When completed these investments will increase our Trex Residential production
capacity by approximately 70 percent. Our capital expenditure guidance for 2020
is $150 million to $170 million. In addition to the above, our capital
allocation priorities include expenditures for internal growth opportunities,
manufacturing cost reductions, upgrading equipment, and acquisitions which fit
our long-term growth strategy as we continue to evaluate opportunities that
would be a good strategic fit for Trex, and return of capital to shareholders.

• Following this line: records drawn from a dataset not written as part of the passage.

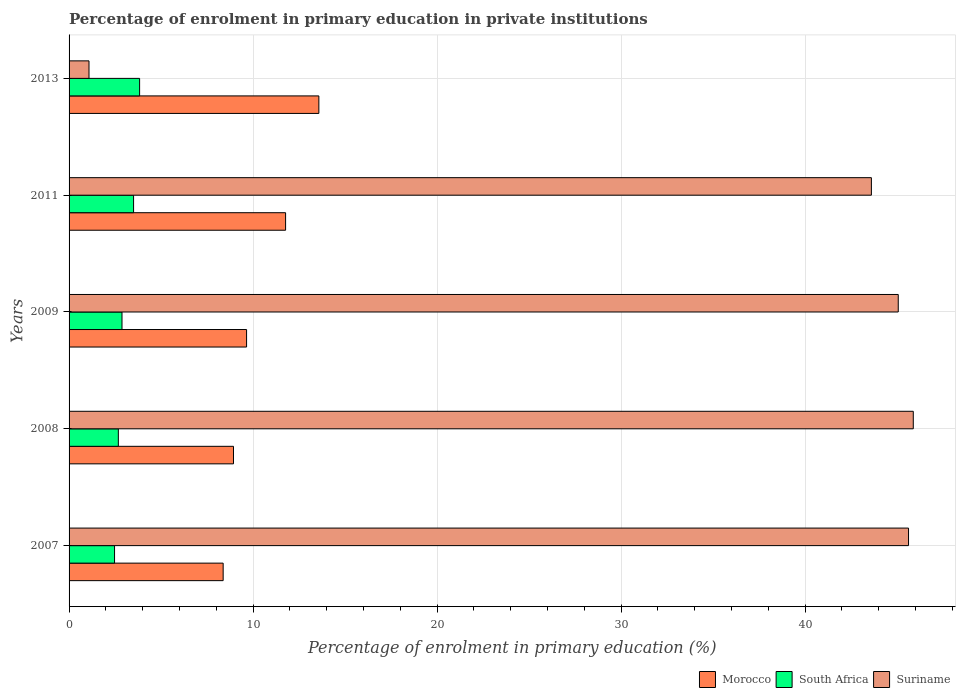Are the number of bars on each tick of the Y-axis equal?
Provide a short and direct response. Yes. How many bars are there on the 4th tick from the bottom?
Your answer should be compact. 3. What is the label of the 1st group of bars from the top?
Keep it short and to the point. 2013. What is the percentage of enrolment in primary education in Morocco in 2007?
Offer a very short reply. 8.37. Across all years, what is the maximum percentage of enrolment in primary education in Morocco?
Offer a very short reply. 13.58. Across all years, what is the minimum percentage of enrolment in primary education in South Africa?
Your answer should be compact. 2.47. What is the total percentage of enrolment in primary education in Suriname in the graph?
Keep it short and to the point. 181.26. What is the difference between the percentage of enrolment in primary education in Morocco in 2009 and that in 2013?
Ensure brevity in your answer.  -3.93. What is the difference between the percentage of enrolment in primary education in Morocco in 2007 and the percentage of enrolment in primary education in South Africa in 2013?
Offer a terse response. 4.54. What is the average percentage of enrolment in primary education in Suriname per year?
Offer a terse response. 36.25. In the year 2011, what is the difference between the percentage of enrolment in primary education in South Africa and percentage of enrolment in primary education in Morocco?
Provide a short and direct response. -8.26. What is the ratio of the percentage of enrolment in primary education in South Africa in 2011 to that in 2013?
Keep it short and to the point. 0.91. Is the percentage of enrolment in primary education in Morocco in 2007 less than that in 2011?
Offer a terse response. Yes. What is the difference between the highest and the second highest percentage of enrolment in primary education in South Africa?
Offer a very short reply. 0.33. What is the difference between the highest and the lowest percentage of enrolment in primary education in Suriname?
Offer a terse response. 44.8. Is the sum of the percentage of enrolment in primary education in Suriname in 2007 and 2011 greater than the maximum percentage of enrolment in primary education in South Africa across all years?
Provide a short and direct response. Yes. What does the 3rd bar from the top in 2013 represents?
Your response must be concise. Morocco. What does the 2nd bar from the bottom in 2007 represents?
Your answer should be compact. South Africa. What is the difference between two consecutive major ticks on the X-axis?
Provide a succinct answer. 10. Are the values on the major ticks of X-axis written in scientific E-notation?
Your response must be concise. No. Does the graph contain grids?
Offer a very short reply. Yes. How many legend labels are there?
Your answer should be compact. 3. What is the title of the graph?
Ensure brevity in your answer.  Percentage of enrolment in primary education in private institutions. What is the label or title of the X-axis?
Your answer should be very brief. Percentage of enrolment in primary education (%). What is the label or title of the Y-axis?
Your answer should be very brief. Years. What is the Percentage of enrolment in primary education (%) in Morocco in 2007?
Offer a terse response. 8.37. What is the Percentage of enrolment in primary education (%) of South Africa in 2007?
Your response must be concise. 2.47. What is the Percentage of enrolment in primary education (%) in Suriname in 2007?
Provide a succinct answer. 45.62. What is the Percentage of enrolment in primary education (%) in Morocco in 2008?
Offer a terse response. 8.94. What is the Percentage of enrolment in primary education (%) of South Africa in 2008?
Keep it short and to the point. 2.68. What is the Percentage of enrolment in primary education (%) in Suriname in 2008?
Provide a succinct answer. 45.88. What is the Percentage of enrolment in primary education (%) in Morocco in 2009?
Provide a short and direct response. 9.65. What is the Percentage of enrolment in primary education (%) in South Africa in 2009?
Your answer should be very brief. 2.88. What is the Percentage of enrolment in primary education (%) in Suriname in 2009?
Offer a terse response. 45.06. What is the Percentage of enrolment in primary education (%) of Morocco in 2011?
Your response must be concise. 11.77. What is the Percentage of enrolment in primary education (%) in South Africa in 2011?
Ensure brevity in your answer.  3.51. What is the Percentage of enrolment in primary education (%) of Suriname in 2011?
Your answer should be compact. 43.6. What is the Percentage of enrolment in primary education (%) in Morocco in 2013?
Your answer should be compact. 13.58. What is the Percentage of enrolment in primary education (%) in South Africa in 2013?
Your answer should be very brief. 3.83. What is the Percentage of enrolment in primary education (%) in Suriname in 2013?
Make the answer very short. 1.08. Across all years, what is the maximum Percentage of enrolment in primary education (%) in Morocco?
Provide a succinct answer. 13.58. Across all years, what is the maximum Percentage of enrolment in primary education (%) in South Africa?
Offer a very short reply. 3.83. Across all years, what is the maximum Percentage of enrolment in primary education (%) in Suriname?
Make the answer very short. 45.88. Across all years, what is the minimum Percentage of enrolment in primary education (%) in Morocco?
Give a very brief answer. 8.37. Across all years, what is the minimum Percentage of enrolment in primary education (%) in South Africa?
Your answer should be very brief. 2.47. Across all years, what is the minimum Percentage of enrolment in primary education (%) of Suriname?
Keep it short and to the point. 1.08. What is the total Percentage of enrolment in primary education (%) of Morocco in the graph?
Offer a very short reply. 52.3. What is the total Percentage of enrolment in primary education (%) of South Africa in the graph?
Your answer should be compact. 15.37. What is the total Percentage of enrolment in primary education (%) in Suriname in the graph?
Give a very brief answer. 181.26. What is the difference between the Percentage of enrolment in primary education (%) in Morocco in 2007 and that in 2008?
Give a very brief answer. -0.56. What is the difference between the Percentage of enrolment in primary education (%) of South Africa in 2007 and that in 2008?
Offer a terse response. -0.21. What is the difference between the Percentage of enrolment in primary education (%) of Suriname in 2007 and that in 2008?
Your answer should be compact. -0.26. What is the difference between the Percentage of enrolment in primary education (%) in Morocco in 2007 and that in 2009?
Your answer should be very brief. -1.27. What is the difference between the Percentage of enrolment in primary education (%) in South Africa in 2007 and that in 2009?
Provide a succinct answer. -0.4. What is the difference between the Percentage of enrolment in primary education (%) in Suriname in 2007 and that in 2009?
Your answer should be very brief. 0.56. What is the difference between the Percentage of enrolment in primary education (%) in Morocco in 2007 and that in 2011?
Provide a short and direct response. -3.39. What is the difference between the Percentage of enrolment in primary education (%) in South Africa in 2007 and that in 2011?
Ensure brevity in your answer.  -1.03. What is the difference between the Percentage of enrolment in primary education (%) in Suriname in 2007 and that in 2011?
Give a very brief answer. 2.02. What is the difference between the Percentage of enrolment in primary education (%) of Morocco in 2007 and that in 2013?
Your answer should be compact. -5.2. What is the difference between the Percentage of enrolment in primary education (%) of South Africa in 2007 and that in 2013?
Offer a terse response. -1.36. What is the difference between the Percentage of enrolment in primary education (%) in Suriname in 2007 and that in 2013?
Your answer should be very brief. 44.54. What is the difference between the Percentage of enrolment in primary education (%) of Morocco in 2008 and that in 2009?
Keep it short and to the point. -0.71. What is the difference between the Percentage of enrolment in primary education (%) in South Africa in 2008 and that in 2009?
Provide a short and direct response. -0.2. What is the difference between the Percentage of enrolment in primary education (%) in Suriname in 2008 and that in 2009?
Provide a short and direct response. 0.82. What is the difference between the Percentage of enrolment in primary education (%) of Morocco in 2008 and that in 2011?
Your answer should be very brief. -2.83. What is the difference between the Percentage of enrolment in primary education (%) of South Africa in 2008 and that in 2011?
Give a very brief answer. -0.83. What is the difference between the Percentage of enrolment in primary education (%) of Suriname in 2008 and that in 2011?
Ensure brevity in your answer.  2.28. What is the difference between the Percentage of enrolment in primary education (%) of Morocco in 2008 and that in 2013?
Ensure brevity in your answer.  -4.64. What is the difference between the Percentage of enrolment in primary education (%) in South Africa in 2008 and that in 2013?
Keep it short and to the point. -1.16. What is the difference between the Percentage of enrolment in primary education (%) of Suriname in 2008 and that in 2013?
Offer a very short reply. 44.8. What is the difference between the Percentage of enrolment in primary education (%) in Morocco in 2009 and that in 2011?
Offer a terse response. -2.12. What is the difference between the Percentage of enrolment in primary education (%) in South Africa in 2009 and that in 2011?
Offer a terse response. -0.63. What is the difference between the Percentage of enrolment in primary education (%) in Suriname in 2009 and that in 2011?
Ensure brevity in your answer.  1.46. What is the difference between the Percentage of enrolment in primary education (%) in Morocco in 2009 and that in 2013?
Your answer should be compact. -3.93. What is the difference between the Percentage of enrolment in primary education (%) of South Africa in 2009 and that in 2013?
Make the answer very short. -0.96. What is the difference between the Percentage of enrolment in primary education (%) of Suriname in 2009 and that in 2013?
Your answer should be very brief. 43.98. What is the difference between the Percentage of enrolment in primary education (%) of Morocco in 2011 and that in 2013?
Ensure brevity in your answer.  -1.81. What is the difference between the Percentage of enrolment in primary education (%) of South Africa in 2011 and that in 2013?
Your answer should be very brief. -0.33. What is the difference between the Percentage of enrolment in primary education (%) in Suriname in 2011 and that in 2013?
Offer a very short reply. 42.52. What is the difference between the Percentage of enrolment in primary education (%) of Morocco in 2007 and the Percentage of enrolment in primary education (%) of South Africa in 2008?
Keep it short and to the point. 5.7. What is the difference between the Percentage of enrolment in primary education (%) of Morocco in 2007 and the Percentage of enrolment in primary education (%) of Suriname in 2008?
Your answer should be compact. -37.51. What is the difference between the Percentage of enrolment in primary education (%) in South Africa in 2007 and the Percentage of enrolment in primary education (%) in Suriname in 2008?
Ensure brevity in your answer.  -43.41. What is the difference between the Percentage of enrolment in primary education (%) in Morocco in 2007 and the Percentage of enrolment in primary education (%) in South Africa in 2009?
Your response must be concise. 5.5. What is the difference between the Percentage of enrolment in primary education (%) of Morocco in 2007 and the Percentage of enrolment in primary education (%) of Suriname in 2009?
Make the answer very short. -36.69. What is the difference between the Percentage of enrolment in primary education (%) in South Africa in 2007 and the Percentage of enrolment in primary education (%) in Suriname in 2009?
Make the answer very short. -42.59. What is the difference between the Percentage of enrolment in primary education (%) in Morocco in 2007 and the Percentage of enrolment in primary education (%) in South Africa in 2011?
Your response must be concise. 4.87. What is the difference between the Percentage of enrolment in primary education (%) of Morocco in 2007 and the Percentage of enrolment in primary education (%) of Suriname in 2011?
Ensure brevity in your answer.  -35.23. What is the difference between the Percentage of enrolment in primary education (%) in South Africa in 2007 and the Percentage of enrolment in primary education (%) in Suriname in 2011?
Give a very brief answer. -41.13. What is the difference between the Percentage of enrolment in primary education (%) in Morocco in 2007 and the Percentage of enrolment in primary education (%) in South Africa in 2013?
Make the answer very short. 4.54. What is the difference between the Percentage of enrolment in primary education (%) of Morocco in 2007 and the Percentage of enrolment in primary education (%) of Suriname in 2013?
Your response must be concise. 7.29. What is the difference between the Percentage of enrolment in primary education (%) of South Africa in 2007 and the Percentage of enrolment in primary education (%) of Suriname in 2013?
Give a very brief answer. 1.39. What is the difference between the Percentage of enrolment in primary education (%) in Morocco in 2008 and the Percentage of enrolment in primary education (%) in South Africa in 2009?
Offer a very short reply. 6.06. What is the difference between the Percentage of enrolment in primary education (%) in Morocco in 2008 and the Percentage of enrolment in primary education (%) in Suriname in 2009?
Make the answer very short. -36.13. What is the difference between the Percentage of enrolment in primary education (%) in South Africa in 2008 and the Percentage of enrolment in primary education (%) in Suriname in 2009?
Provide a succinct answer. -42.39. What is the difference between the Percentage of enrolment in primary education (%) in Morocco in 2008 and the Percentage of enrolment in primary education (%) in South Africa in 2011?
Provide a short and direct response. 5.43. What is the difference between the Percentage of enrolment in primary education (%) in Morocco in 2008 and the Percentage of enrolment in primary education (%) in Suriname in 2011?
Make the answer very short. -34.67. What is the difference between the Percentage of enrolment in primary education (%) in South Africa in 2008 and the Percentage of enrolment in primary education (%) in Suriname in 2011?
Provide a short and direct response. -40.93. What is the difference between the Percentage of enrolment in primary education (%) in Morocco in 2008 and the Percentage of enrolment in primary education (%) in South Africa in 2013?
Keep it short and to the point. 5.1. What is the difference between the Percentage of enrolment in primary education (%) in Morocco in 2008 and the Percentage of enrolment in primary education (%) in Suriname in 2013?
Your answer should be very brief. 7.85. What is the difference between the Percentage of enrolment in primary education (%) of South Africa in 2008 and the Percentage of enrolment in primary education (%) of Suriname in 2013?
Provide a succinct answer. 1.59. What is the difference between the Percentage of enrolment in primary education (%) of Morocco in 2009 and the Percentage of enrolment in primary education (%) of South Africa in 2011?
Make the answer very short. 6.14. What is the difference between the Percentage of enrolment in primary education (%) of Morocco in 2009 and the Percentage of enrolment in primary education (%) of Suriname in 2011?
Offer a very short reply. -33.96. What is the difference between the Percentage of enrolment in primary education (%) of South Africa in 2009 and the Percentage of enrolment in primary education (%) of Suriname in 2011?
Offer a terse response. -40.73. What is the difference between the Percentage of enrolment in primary education (%) of Morocco in 2009 and the Percentage of enrolment in primary education (%) of South Africa in 2013?
Ensure brevity in your answer.  5.81. What is the difference between the Percentage of enrolment in primary education (%) in Morocco in 2009 and the Percentage of enrolment in primary education (%) in Suriname in 2013?
Offer a terse response. 8.56. What is the difference between the Percentage of enrolment in primary education (%) in South Africa in 2009 and the Percentage of enrolment in primary education (%) in Suriname in 2013?
Your response must be concise. 1.79. What is the difference between the Percentage of enrolment in primary education (%) of Morocco in 2011 and the Percentage of enrolment in primary education (%) of South Africa in 2013?
Give a very brief answer. 7.93. What is the difference between the Percentage of enrolment in primary education (%) in Morocco in 2011 and the Percentage of enrolment in primary education (%) in Suriname in 2013?
Your answer should be very brief. 10.68. What is the difference between the Percentage of enrolment in primary education (%) of South Africa in 2011 and the Percentage of enrolment in primary education (%) of Suriname in 2013?
Keep it short and to the point. 2.42. What is the average Percentage of enrolment in primary education (%) in Morocco per year?
Ensure brevity in your answer.  10.46. What is the average Percentage of enrolment in primary education (%) in South Africa per year?
Offer a terse response. 3.07. What is the average Percentage of enrolment in primary education (%) in Suriname per year?
Your answer should be compact. 36.25. In the year 2007, what is the difference between the Percentage of enrolment in primary education (%) of Morocco and Percentage of enrolment in primary education (%) of South Africa?
Provide a short and direct response. 5.9. In the year 2007, what is the difference between the Percentage of enrolment in primary education (%) in Morocco and Percentage of enrolment in primary education (%) in Suriname?
Offer a terse response. -37.25. In the year 2007, what is the difference between the Percentage of enrolment in primary education (%) in South Africa and Percentage of enrolment in primary education (%) in Suriname?
Your answer should be very brief. -43.15. In the year 2008, what is the difference between the Percentage of enrolment in primary education (%) in Morocco and Percentage of enrolment in primary education (%) in South Africa?
Provide a short and direct response. 6.26. In the year 2008, what is the difference between the Percentage of enrolment in primary education (%) of Morocco and Percentage of enrolment in primary education (%) of Suriname?
Give a very brief answer. -36.95. In the year 2008, what is the difference between the Percentage of enrolment in primary education (%) of South Africa and Percentage of enrolment in primary education (%) of Suriname?
Keep it short and to the point. -43.2. In the year 2009, what is the difference between the Percentage of enrolment in primary education (%) of Morocco and Percentage of enrolment in primary education (%) of South Africa?
Your answer should be compact. 6.77. In the year 2009, what is the difference between the Percentage of enrolment in primary education (%) in Morocco and Percentage of enrolment in primary education (%) in Suriname?
Give a very brief answer. -35.42. In the year 2009, what is the difference between the Percentage of enrolment in primary education (%) of South Africa and Percentage of enrolment in primary education (%) of Suriname?
Keep it short and to the point. -42.19. In the year 2011, what is the difference between the Percentage of enrolment in primary education (%) in Morocco and Percentage of enrolment in primary education (%) in South Africa?
Provide a short and direct response. 8.26. In the year 2011, what is the difference between the Percentage of enrolment in primary education (%) in Morocco and Percentage of enrolment in primary education (%) in Suriname?
Offer a terse response. -31.84. In the year 2011, what is the difference between the Percentage of enrolment in primary education (%) of South Africa and Percentage of enrolment in primary education (%) of Suriname?
Your answer should be very brief. -40.1. In the year 2013, what is the difference between the Percentage of enrolment in primary education (%) of Morocco and Percentage of enrolment in primary education (%) of South Africa?
Ensure brevity in your answer.  9.74. In the year 2013, what is the difference between the Percentage of enrolment in primary education (%) in Morocco and Percentage of enrolment in primary education (%) in Suriname?
Give a very brief answer. 12.49. In the year 2013, what is the difference between the Percentage of enrolment in primary education (%) of South Africa and Percentage of enrolment in primary education (%) of Suriname?
Your answer should be compact. 2.75. What is the ratio of the Percentage of enrolment in primary education (%) in Morocco in 2007 to that in 2008?
Offer a terse response. 0.94. What is the ratio of the Percentage of enrolment in primary education (%) in South Africa in 2007 to that in 2008?
Your answer should be very brief. 0.92. What is the ratio of the Percentage of enrolment in primary education (%) in Suriname in 2007 to that in 2008?
Give a very brief answer. 0.99. What is the ratio of the Percentage of enrolment in primary education (%) in Morocco in 2007 to that in 2009?
Keep it short and to the point. 0.87. What is the ratio of the Percentage of enrolment in primary education (%) of South Africa in 2007 to that in 2009?
Your response must be concise. 0.86. What is the ratio of the Percentage of enrolment in primary education (%) of Suriname in 2007 to that in 2009?
Provide a succinct answer. 1.01. What is the ratio of the Percentage of enrolment in primary education (%) in Morocco in 2007 to that in 2011?
Your answer should be very brief. 0.71. What is the ratio of the Percentage of enrolment in primary education (%) in South Africa in 2007 to that in 2011?
Make the answer very short. 0.7. What is the ratio of the Percentage of enrolment in primary education (%) of Suriname in 2007 to that in 2011?
Provide a short and direct response. 1.05. What is the ratio of the Percentage of enrolment in primary education (%) in Morocco in 2007 to that in 2013?
Your response must be concise. 0.62. What is the ratio of the Percentage of enrolment in primary education (%) of South Africa in 2007 to that in 2013?
Provide a short and direct response. 0.64. What is the ratio of the Percentage of enrolment in primary education (%) of Suriname in 2007 to that in 2013?
Offer a terse response. 42.11. What is the ratio of the Percentage of enrolment in primary education (%) in Morocco in 2008 to that in 2009?
Provide a succinct answer. 0.93. What is the ratio of the Percentage of enrolment in primary education (%) of South Africa in 2008 to that in 2009?
Your answer should be very brief. 0.93. What is the ratio of the Percentage of enrolment in primary education (%) in Suriname in 2008 to that in 2009?
Provide a short and direct response. 1.02. What is the ratio of the Percentage of enrolment in primary education (%) of Morocco in 2008 to that in 2011?
Your answer should be compact. 0.76. What is the ratio of the Percentage of enrolment in primary education (%) of South Africa in 2008 to that in 2011?
Offer a terse response. 0.76. What is the ratio of the Percentage of enrolment in primary education (%) of Suriname in 2008 to that in 2011?
Make the answer very short. 1.05. What is the ratio of the Percentage of enrolment in primary education (%) in Morocco in 2008 to that in 2013?
Provide a short and direct response. 0.66. What is the ratio of the Percentage of enrolment in primary education (%) in South Africa in 2008 to that in 2013?
Ensure brevity in your answer.  0.7. What is the ratio of the Percentage of enrolment in primary education (%) in Suriname in 2008 to that in 2013?
Ensure brevity in your answer.  42.35. What is the ratio of the Percentage of enrolment in primary education (%) in Morocco in 2009 to that in 2011?
Ensure brevity in your answer.  0.82. What is the ratio of the Percentage of enrolment in primary education (%) of South Africa in 2009 to that in 2011?
Your answer should be compact. 0.82. What is the ratio of the Percentage of enrolment in primary education (%) of Suriname in 2009 to that in 2011?
Make the answer very short. 1.03. What is the ratio of the Percentage of enrolment in primary education (%) of Morocco in 2009 to that in 2013?
Your answer should be compact. 0.71. What is the ratio of the Percentage of enrolment in primary education (%) of South Africa in 2009 to that in 2013?
Give a very brief answer. 0.75. What is the ratio of the Percentage of enrolment in primary education (%) in Suriname in 2009 to that in 2013?
Your answer should be compact. 41.59. What is the ratio of the Percentage of enrolment in primary education (%) in Morocco in 2011 to that in 2013?
Your response must be concise. 0.87. What is the ratio of the Percentage of enrolment in primary education (%) in South Africa in 2011 to that in 2013?
Offer a very short reply. 0.91. What is the ratio of the Percentage of enrolment in primary education (%) of Suriname in 2011 to that in 2013?
Provide a short and direct response. 40.25. What is the difference between the highest and the second highest Percentage of enrolment in primary education (%) in Morocco?
Offer a terse response. 1.81. What is the difference between the highest and the second highest Percentage of enrolment in primary education (%) in South Africa?
Offer a very short reply. 0.33. What is the difference between the highest and the second highest Percentage of enrolment in primary education (%) in Suriname?
Give a very brief answer. 0.26. What is the difference between the highest and the lowest Percentage of enrolment in primary education (%) of Morocco?
Your answer should be compact. 5.2. What is the difference between the highest and the lowest Percentage of enrolment in primary education (%) of South Africa?
Your response must be concise. 1.36. What is the difference between the highest and the lowest Percentage of enrolment in primary education (%) in Suriname?
Your response must be concise. 44.8.

Inventory in Distribution Channels. We sell our Trex Residential decking and
railing products through a tiered distribution system. We have over 50
distributors worldwide and two national retail merchandisers to which we sell
our products. The distributors in turn sell the products to dealers and retail
locations who in turn sell the products to end users. Significant increases in
inventory levels in the distribution channel without a corresponding change in
end-use
demand could have an adverse effect on future sales. We cannot definitively
determine the level of inventory in the distribution channels at any time. We
are not aware of any significant increases in the levels of inventory in the
distribution channels at June 30, 2020 compared to inventory levels at June 30,
2019.
Seasonality
. The operating results for Trex Residential have historically varied from
quarter to quarter. Seasonal, erratic or prolonged adverse weather conditions in
certain geographic regions reduce the level of home improvement and construction
activity and can shift demand for its products to a later period. As part of its
normal business practice and consistent with industry practice, Trex Residential
has historically offered incentive programs to its distributors and dealers to
build inventory levels before the start of the prime deck-building season in
order to ensure adequate availability of its product to meet anticipated
seasonal consumer demand. The seasonal effects are often offset by the positive
effect of the incentive programs. The operating results for Trex Commercial have
not historically varied from quarter to quarter as a result of seasonality.
However, they are driven by the timing of individual projects, which may vary
significantly each quarterly period.